We met Moira again in the hall. She and Dad started talking, ending up discussing the fabled monster. As they talked, I watched her. She was beautiful but it was a cold beauty and I didn’t like it. Her hair was black, her skin pale and her green eyes glittered with amusement as she told us about a previous guest. ‘He was a wee fellow with a pointed beard. He was absolutely certain of its existence and that it belonged to a race of giant lizards that rule the universe. How crazy can you get?’ She laughed and then opened a drawer in the hall table. ‘Here! Have one of these. Compliments of the House.’ She threw something and Dad caught it.

It was one of those mascots people hang from their car mirrors. It was made of soft green, trembling plastic with a garish tartan beret glued to its head.
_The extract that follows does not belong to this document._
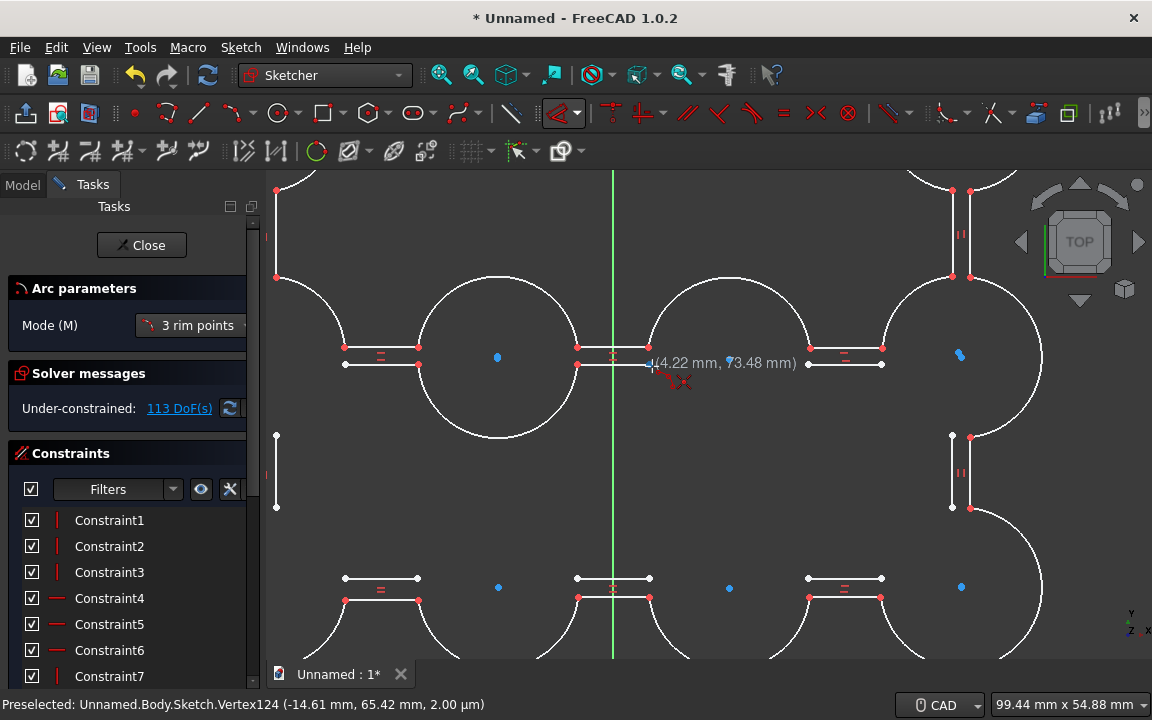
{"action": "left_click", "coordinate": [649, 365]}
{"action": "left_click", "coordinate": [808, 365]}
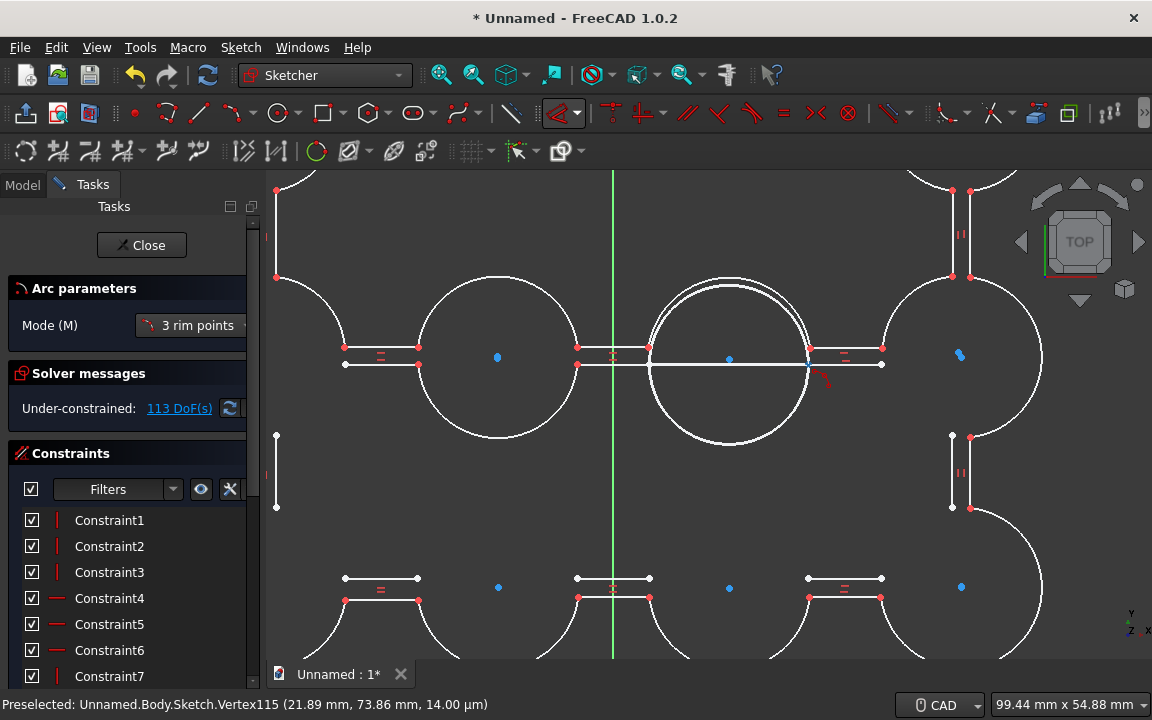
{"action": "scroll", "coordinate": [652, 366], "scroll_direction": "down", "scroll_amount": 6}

But what frightened me were its over-sized googly eyes.

Dad recoiled in mock horror. ‘Good Lord; that is hideous!’

Was it only me that saw that venomous flash in Moira’s eye? I blinked and it was gone.

‘Och, now you’ve hurt Wee Nessie’s feelings,’ she joked.

‘I’d better make amends by fixing it in the car straight away,’ said Dad, still chuckling as we went out.

At breakfast the next day, Mum peered over her coffee cup at the rain sheeting across the water. She said she wasn’t hungry but Dad and I tucked into Moira’s full Scottish breakfast.

Tangled clouds hung over the dark water, their hems trailing unevenly as if they’d come unstitched. There was nothing else to do but go for a drive. It was a dreary outing; mile after mile of dark water, grey trees, grey hills—and rain sluicing down the windows. All the while, Wee Nessie wobbled and goggled as if it knew something we didn’t. I wanted to throw it away but Dad said it cheered him up. Mum seemed untroubled.

Only, the following morning, she said she didn’t want to go down for breakfast. Dad promised to bring her up a pot of coffee. I was listless. I still hadn’t got anything to put in my journal apart from the receipt from lunch the day before in a dismal café where we’d been the only customers. Dad, at least, hadn’t lost his appetite and while he munched his toast, he chatted to Moira who seemed to have nothing else to do. ‘Would you mind if I took some photographs of you?’ he said.

‘Me? Why?’ She lifted her chin and widened her glassy eyes.

‘Because you’re beautiful,’ Dad said, in a low voice that was somehow not his own.

I stood up, knocking the spoon out of my empty porridge bowl. It clattered to the floor. ‘I’ll take Mum her coffee.’ Dad had forgotten.

The rain didn’t let up that day or the next. Mum stayed in the bedroom with a sketchbook open on her lap, staring at the loch, her pencil immobile in her hand, the paper bare.

Once again, Dad set up his tripod in Moira’s private sitting-room. I watched for a while. Neither paid me any attention. Dad snapped away, sounding like one of those prancing fashion-photographers he so despised. ‘Turn your head…look at the camera…lovely…make love to it...that’s it…perfect…’

They didn’t see me slip away.

And so it went on until the morning of the day we were due to leave. Something felt strange when I woke up. The curtains were open and the rain had stopped. The double-bed was empty. I quickly dressed and ran down to the dining-room. Moira was standing alone by the window, staring at the loch.

‘Where are they?’

‘Who, dear?’ she said, without turning.

‘Mum and Dad!’ Was I screaming? I can’t remember.

‘Oh, them?’ She shrugged.

I stumbled outside and bumped into Dad on his way back in, his camera slung round his neck. He was whistling. ‘I saw an osprey catch a fish. Got a great shot.’

‘Where’s Mum?’

‘Isn’t she…?

‘No.’

He ran towards the loch. He was gone for ages but came back shaking his head. He called the police.

They found her body at dusk, caught in a clump of submerged roots further downstream. There were stones in her pockets.

Green stones.

‘Hookers Green,’ Dad said. And then he wept.